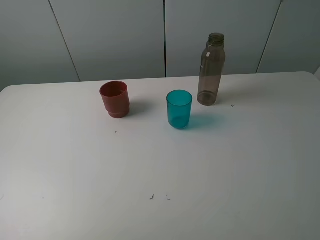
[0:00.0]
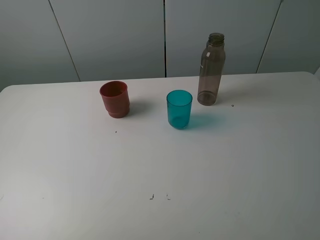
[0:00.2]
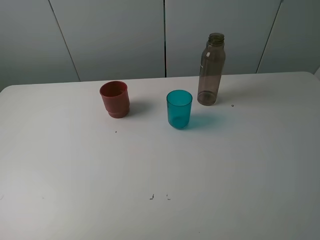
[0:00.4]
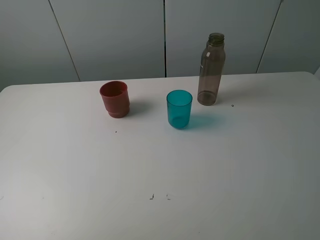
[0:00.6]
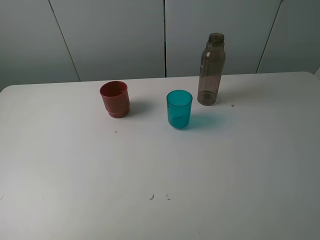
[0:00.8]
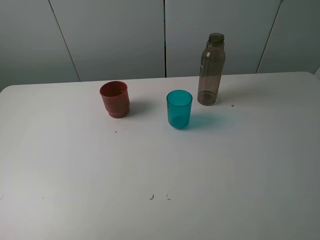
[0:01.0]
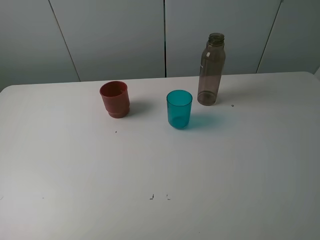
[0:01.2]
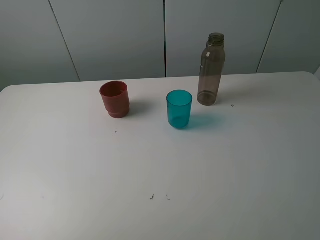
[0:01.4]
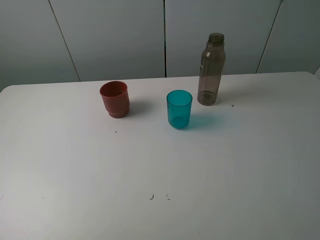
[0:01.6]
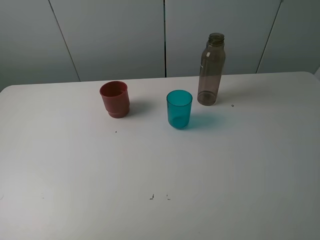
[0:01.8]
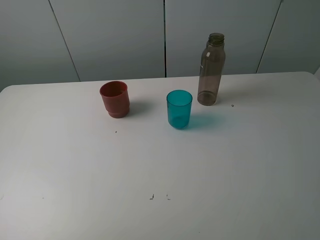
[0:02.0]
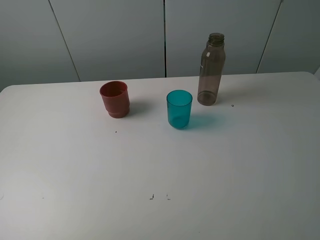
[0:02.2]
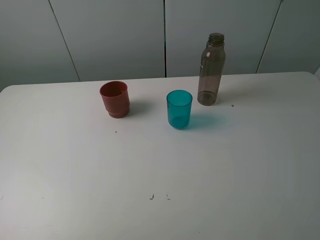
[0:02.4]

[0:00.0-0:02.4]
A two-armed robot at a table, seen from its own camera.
Task of the whole recording: pick up the bottle and pour water into the cup, then pick up the cup containing water and pour it into another cup.
1.2 to 2.4 s: The two grippers keep their place.

### Directions for this task
Except for the pictures, write the data out exactly.

### Completed exercise
[0:00.0]
[0:00.2]
[0:00.4]
[0:00.6]
[0:00.8]
[0:01.0]
[0:01.2]
[0:01.4]
[0:01.6]
[0:01.8]
[0:02.0]
[0:02.2]
[0:02.4]

[0:00.0-0:02.4]
A two-armed robot at a table, seen from its own camera.
Task of the whole recording: pick up the bottle and pour water into the cup, then pick up the cup containing water and pour it into another cup.
1.2 to 2.4 s: The two grippers keep their place.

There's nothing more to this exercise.